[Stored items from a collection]
_ _ _

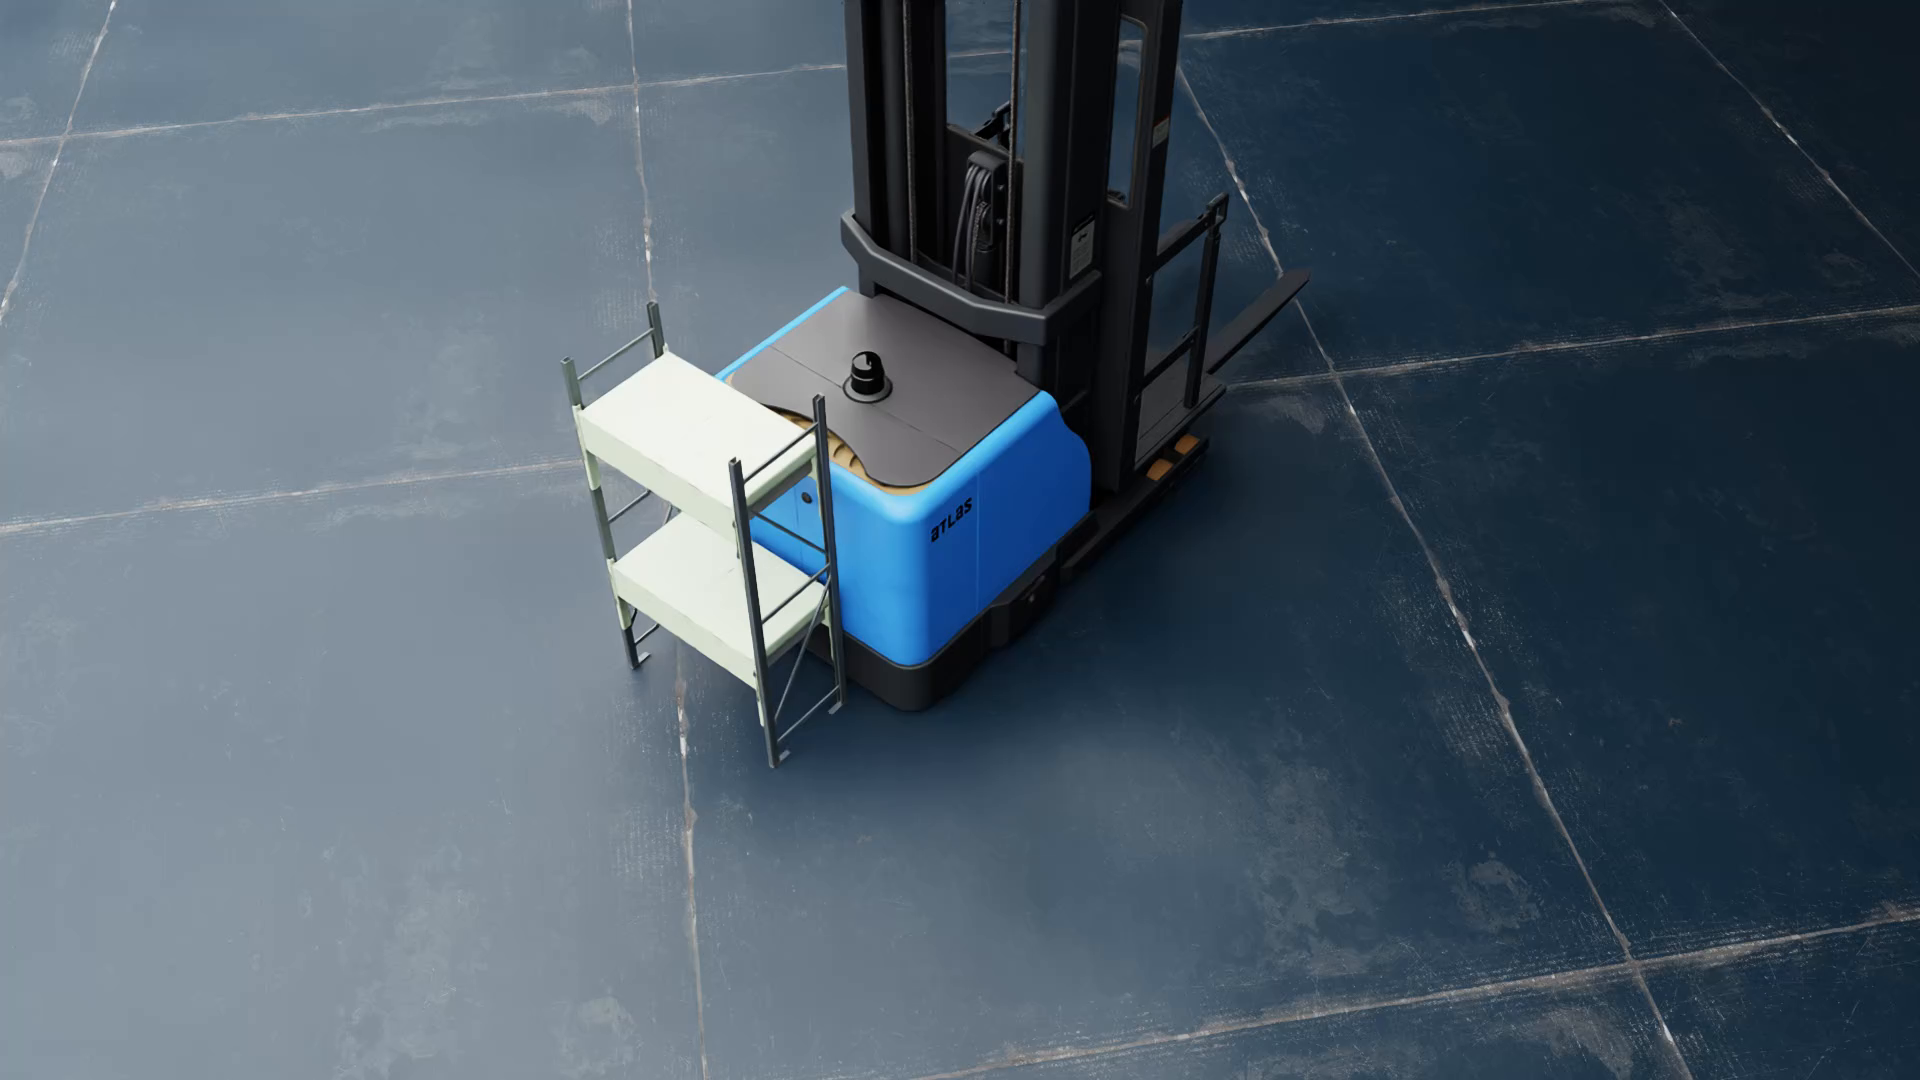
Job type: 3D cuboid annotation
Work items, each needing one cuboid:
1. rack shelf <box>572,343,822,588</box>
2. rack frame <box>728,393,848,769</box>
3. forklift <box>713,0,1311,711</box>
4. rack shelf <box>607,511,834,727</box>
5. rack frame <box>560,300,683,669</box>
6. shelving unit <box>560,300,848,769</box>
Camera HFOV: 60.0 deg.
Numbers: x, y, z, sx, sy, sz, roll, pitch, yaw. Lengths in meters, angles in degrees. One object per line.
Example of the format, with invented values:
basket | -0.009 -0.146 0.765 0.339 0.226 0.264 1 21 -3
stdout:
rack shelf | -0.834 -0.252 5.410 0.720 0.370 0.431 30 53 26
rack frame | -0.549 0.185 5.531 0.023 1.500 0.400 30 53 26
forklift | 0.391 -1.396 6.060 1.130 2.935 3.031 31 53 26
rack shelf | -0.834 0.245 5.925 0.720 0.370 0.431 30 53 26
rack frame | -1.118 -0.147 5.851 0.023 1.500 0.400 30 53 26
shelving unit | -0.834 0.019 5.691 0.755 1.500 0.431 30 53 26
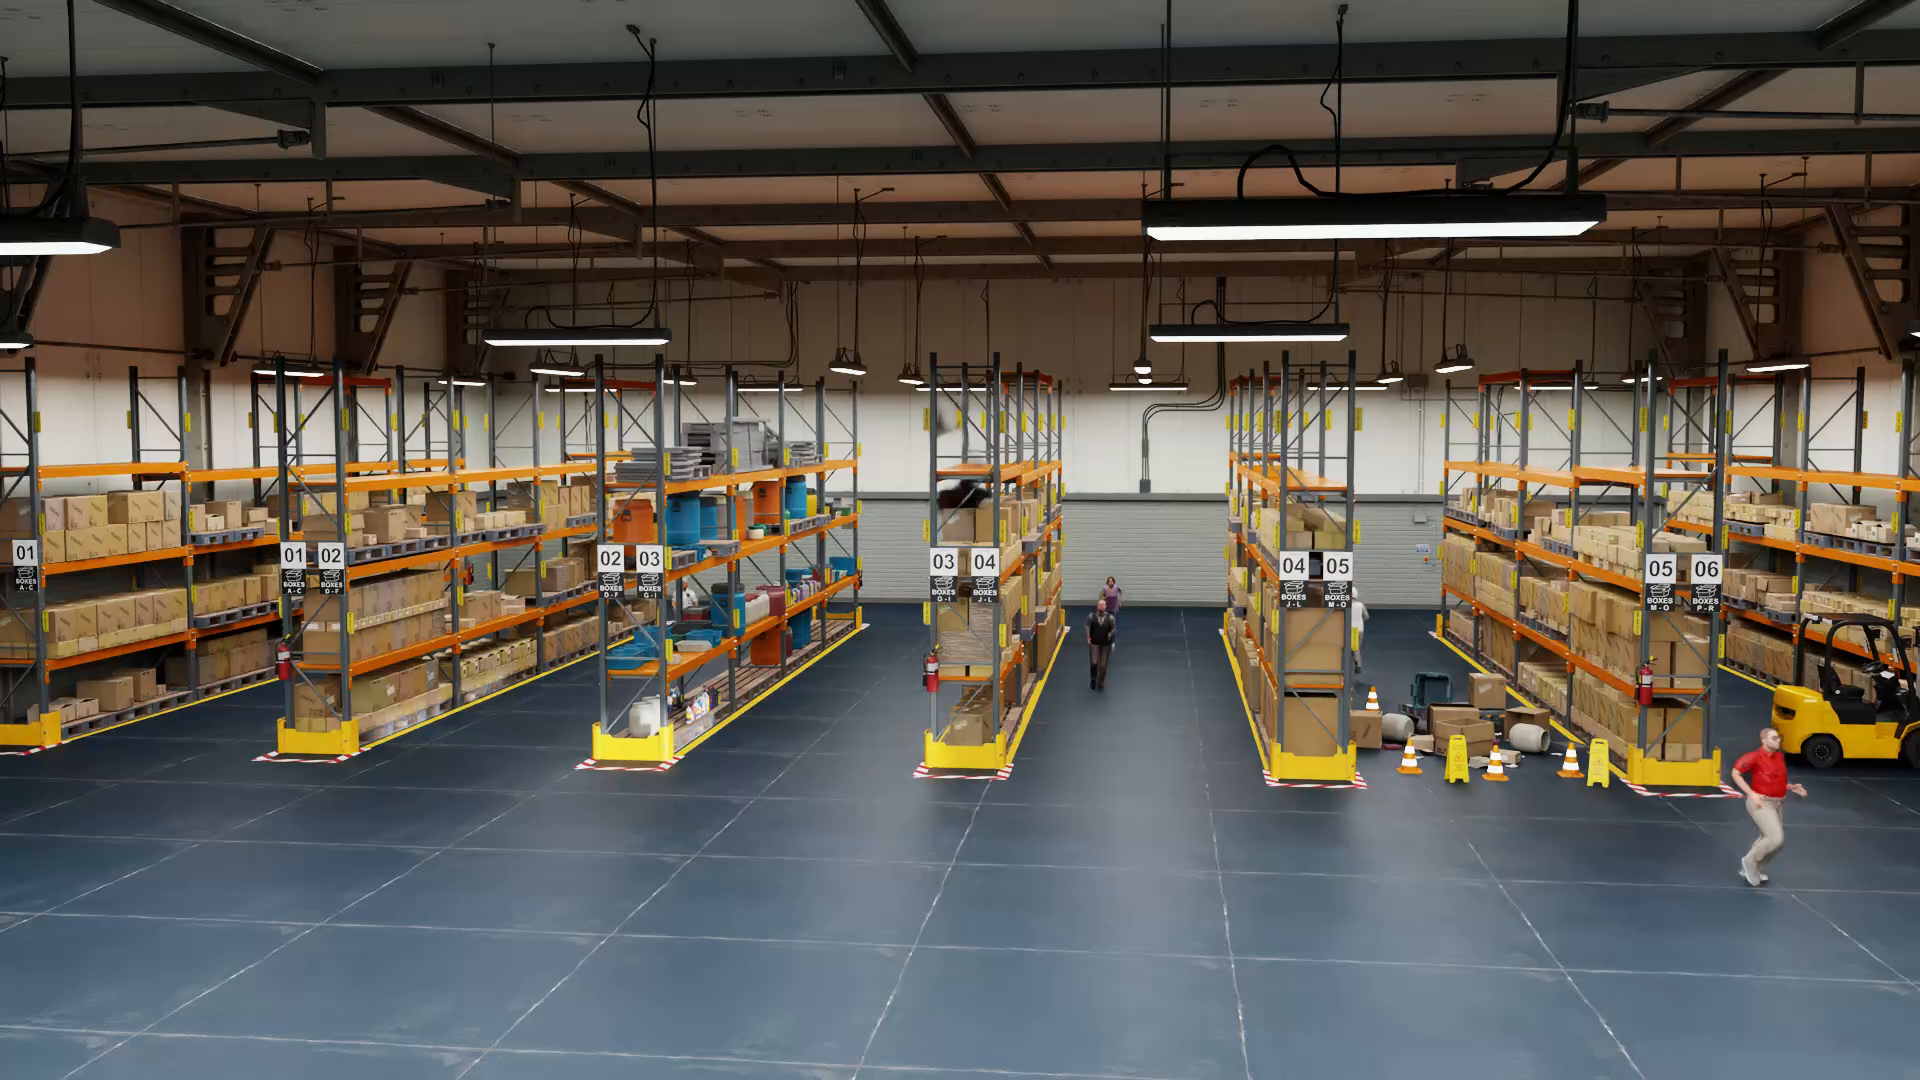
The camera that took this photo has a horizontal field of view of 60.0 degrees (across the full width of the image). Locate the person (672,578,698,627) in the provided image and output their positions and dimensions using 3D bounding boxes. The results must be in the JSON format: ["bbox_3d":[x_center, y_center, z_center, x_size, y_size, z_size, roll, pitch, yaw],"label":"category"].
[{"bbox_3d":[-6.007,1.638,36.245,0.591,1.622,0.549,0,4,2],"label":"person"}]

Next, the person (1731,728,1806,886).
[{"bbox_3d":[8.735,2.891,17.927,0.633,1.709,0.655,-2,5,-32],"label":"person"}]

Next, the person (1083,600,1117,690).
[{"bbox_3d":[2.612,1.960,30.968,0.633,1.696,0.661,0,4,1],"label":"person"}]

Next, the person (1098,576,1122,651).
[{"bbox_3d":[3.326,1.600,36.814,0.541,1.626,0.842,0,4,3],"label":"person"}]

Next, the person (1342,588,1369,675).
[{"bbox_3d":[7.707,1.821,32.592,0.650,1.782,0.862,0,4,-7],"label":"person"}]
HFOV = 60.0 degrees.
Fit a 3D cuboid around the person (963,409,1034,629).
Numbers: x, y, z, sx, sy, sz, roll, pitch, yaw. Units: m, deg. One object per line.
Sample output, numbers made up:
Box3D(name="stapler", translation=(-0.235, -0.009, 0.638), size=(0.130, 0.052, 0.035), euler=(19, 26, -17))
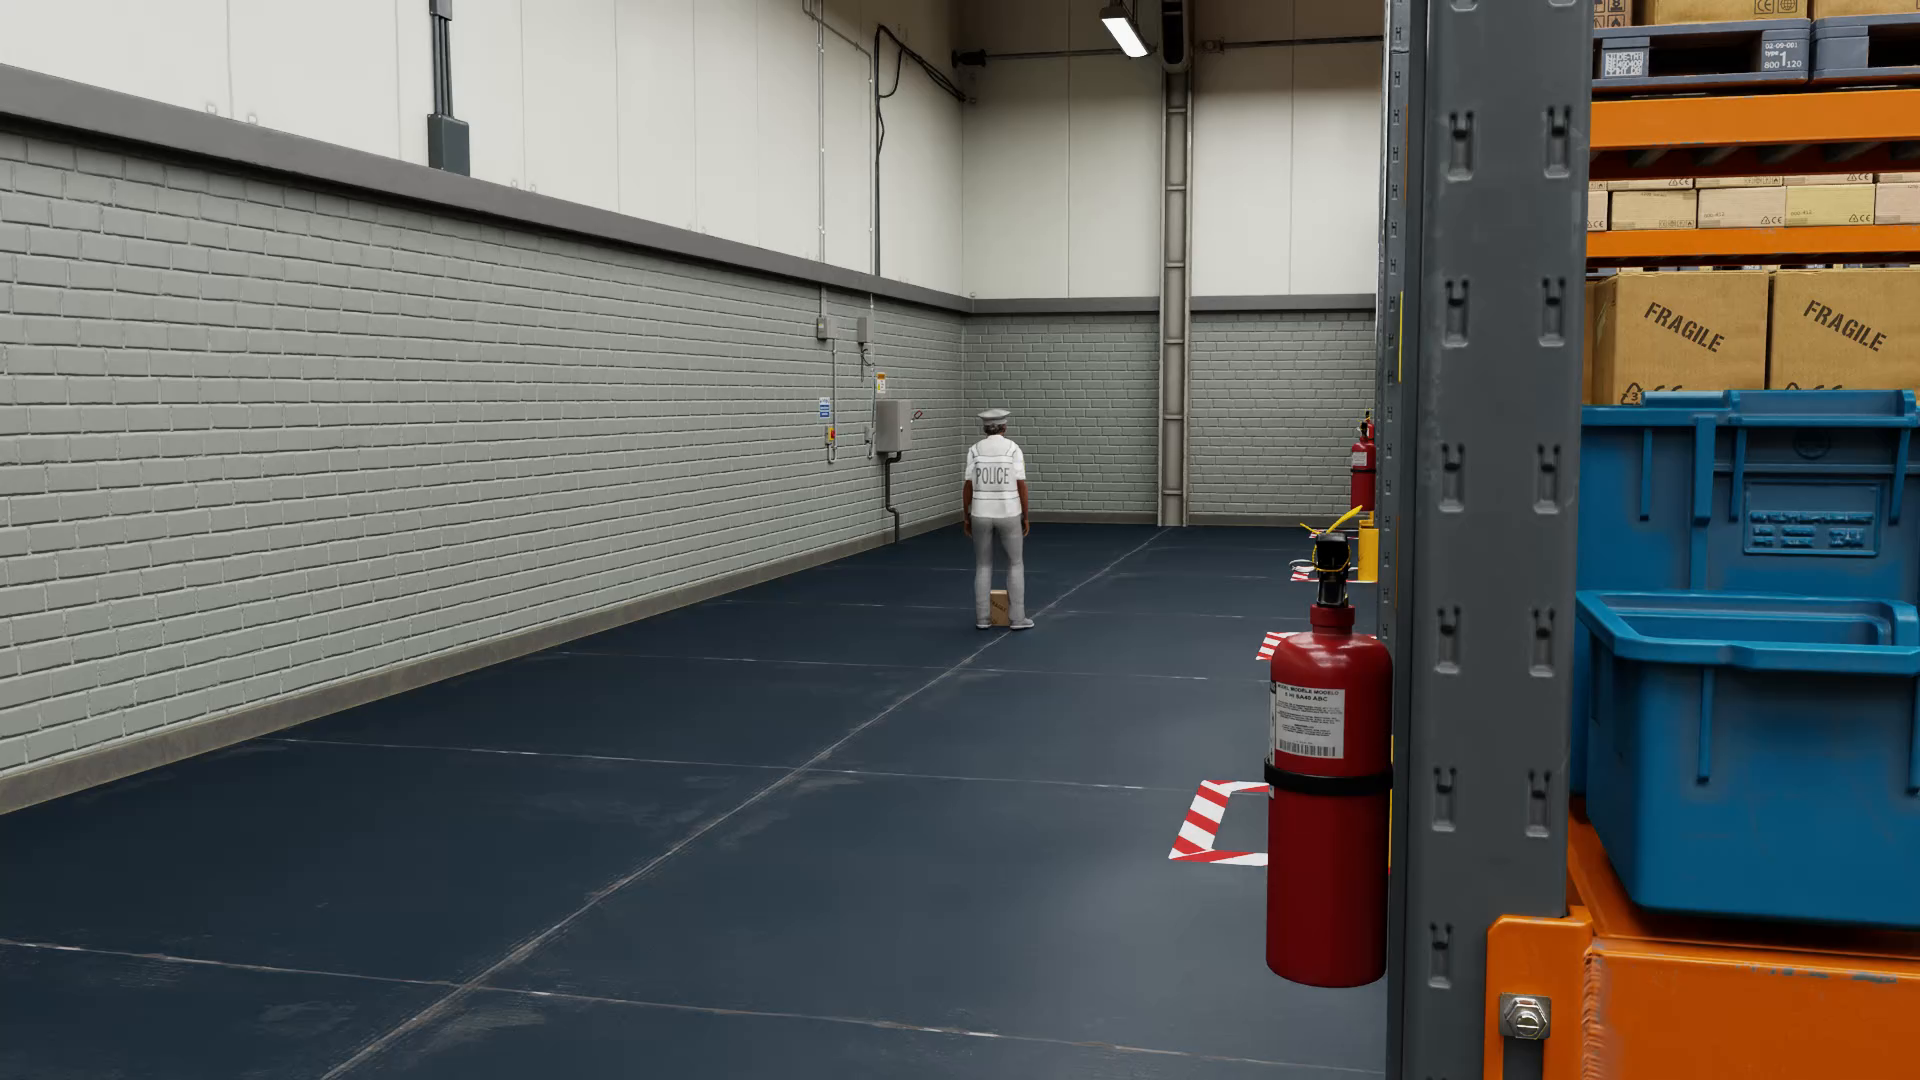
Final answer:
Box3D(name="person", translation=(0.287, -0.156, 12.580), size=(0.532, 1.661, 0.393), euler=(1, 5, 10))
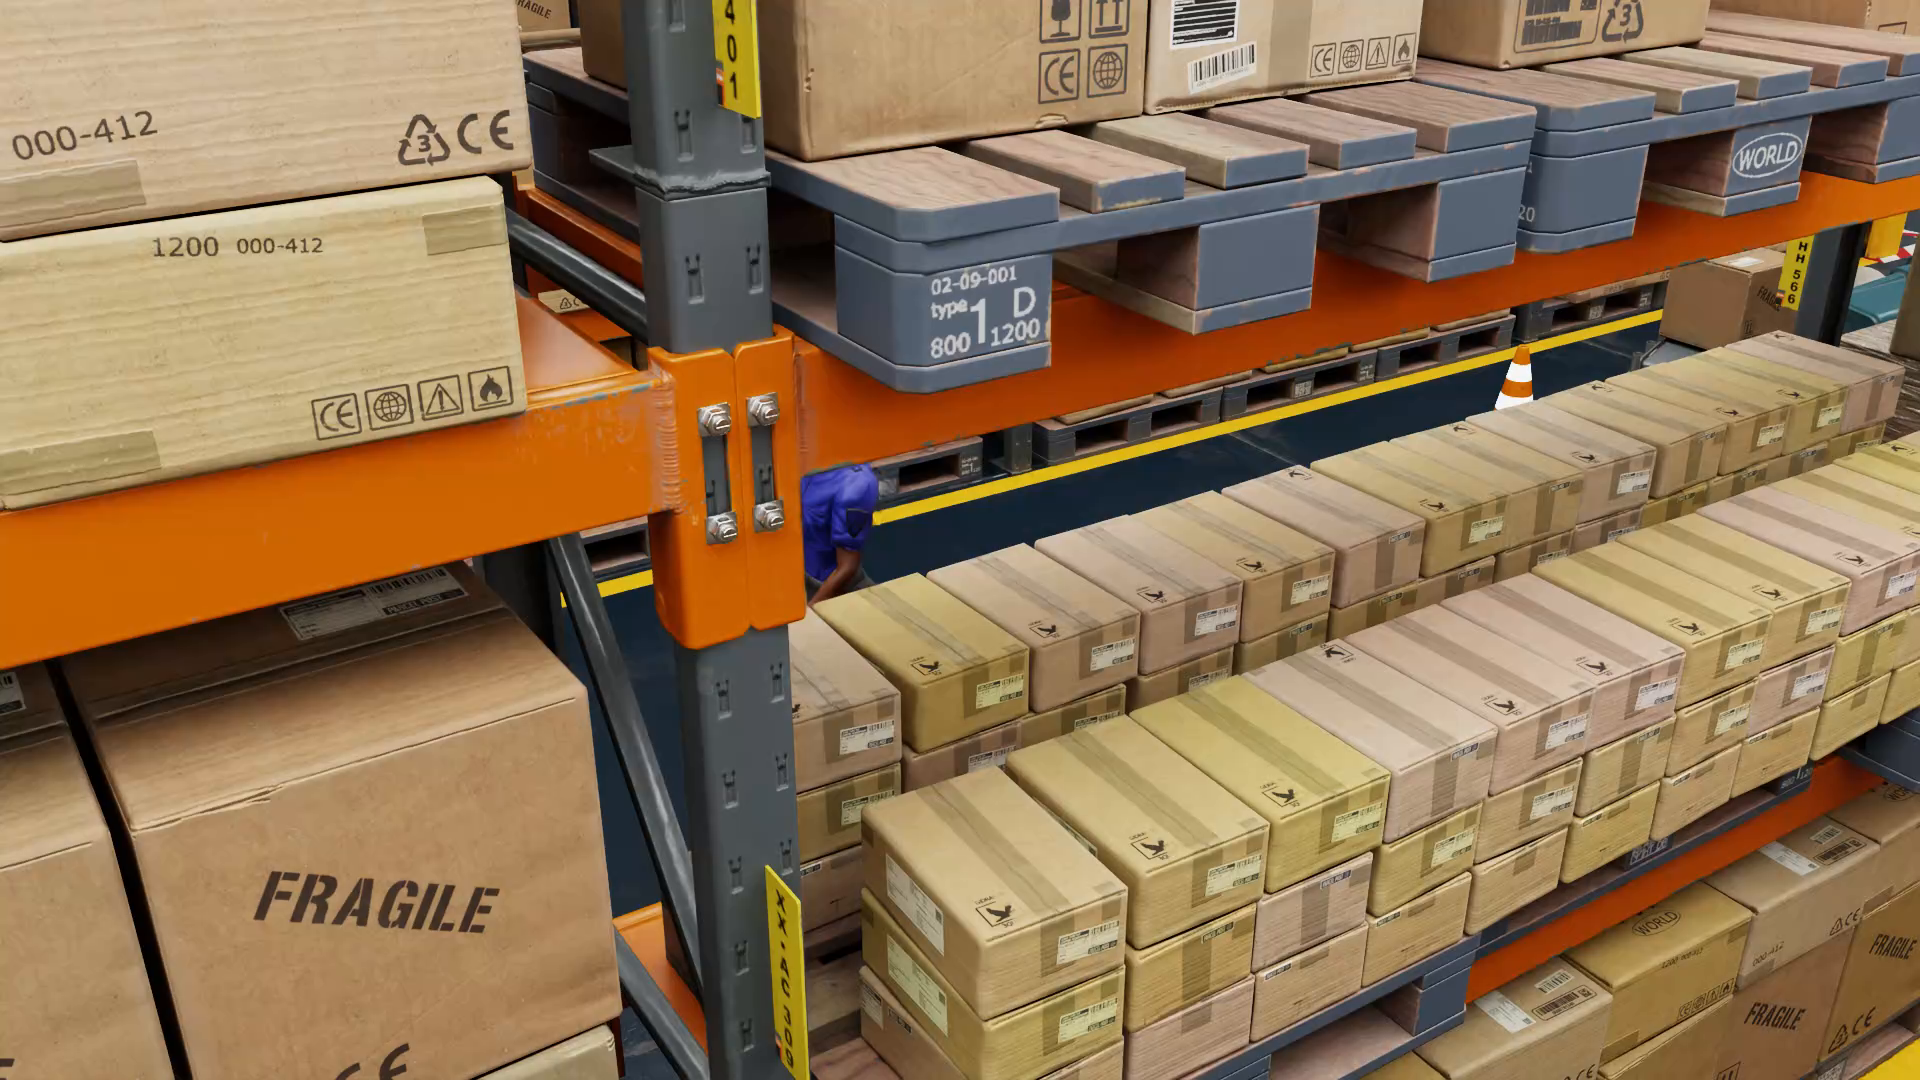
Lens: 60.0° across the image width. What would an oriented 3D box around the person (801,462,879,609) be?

_ _ _

Return the entries above in full and unchanged, omitting every image.

Job type: 3D cuboid annotation
Work items, each needing one cuboid:
1. rack shelf <box>572,343,822,588</box>
2. rack frame <box>728,393,848,769</box>
3. forklift <box>713,0,1311,711</box>
4. rack shelf <box>607,511,834,727</box>
5. rack frame <box>560,300,683,669</box>
6. shelving unit <box>560,300,848,769</box>
Camera HFOV: 60.0 deg.
Numbers: x, y, z, sx, sy, sz, roll, pitch, yaw. Lengths in meters, angles in degrees. One object per line.
Example of the format, with invented values:
basket | -0.009 -0.146 0.765 0.339 0.226 0.264 1 21 -3
stdout:
rack shelf | -0.834 -0.252 5.410 0.720 0.370 0.431 30 53 26
rack frame | -0.549 0.185 5.531 0.023 1.500 0.400 30 53 26
forklift | 0.391 -1.396 6.060 1.130 2.935 3.031 31 53 26
rack shelf | -0.834 0.245 5.925 0.720 0.370 0.431 30 53 26
rack frame | -1.118 -0.147 5.851 0.023 1.500 0.400 30 53 26
shelving unit | -0.834 0.019 5.691 0.755 1.500 0.431 30 53 26
The camera that took this photo has a horizontal field of view of 60.0 degrees (across the full width of the image). Locate the person (672,578,698,627) in the provided image and output their positions and dimensions using 3D bounding boxes. The results must be in the JSON format: ["bbox_3d":[x_center, y_center, z_center, x_size, y_size, z_size, roll, pitch, yaw],"label":"category"].
[{"bbox_3d":[-6.007,1.638,36.245,0.591,1.622,0.549,0,4,2],"label":"person"}]

Next, the person (1731,728,1806,886).
[{"bbox_3d":[8.735,2.891,17.927,0.633,1.709,0.655,-2,5,-32],"label":"person"}]

Next, the person (1083,600,1117,690).
[{"bbox_3d":[2.612,1.960,30.968,0.633,1.696,0.661,0,4,1],"label":"person"}]

Next, the person (1098,576,1122,651).
[{"bbox_3d":[3.326,1.600,36.814,0.541,1.626,0.842,0,4,3],"label":"person"}]

Next, the person (1342,588,1369,675).
[{"bbox_3d":[7.707,1.821,32.592,0.650,1.782,0.862,0,4,-7],"label":"person"}]
HFOV = 60.0 degrees.
Fit a 3D cuboid around the person (963,409,1034,629).
Numbers: x, y, z, sx, sy, sz, roll, pitch, yaw. Units: m, deg. One object per line.
Sample output, numbers made up:
Box3D(name="stapler", translation=(-0.235, -0.009, 0.638), size=(0.130, 0.052, 0.035), euler=(19, 26, -17))
Final answer:
Box3D(name="person", translation=(0.287, -0.156, 12.580), size=(0.532, 1.661, 0.393), euler=(1, 5, 10))
Lens: 60.0° across the image width. What would an oriented 3D box around the person (801,462,879,609) be?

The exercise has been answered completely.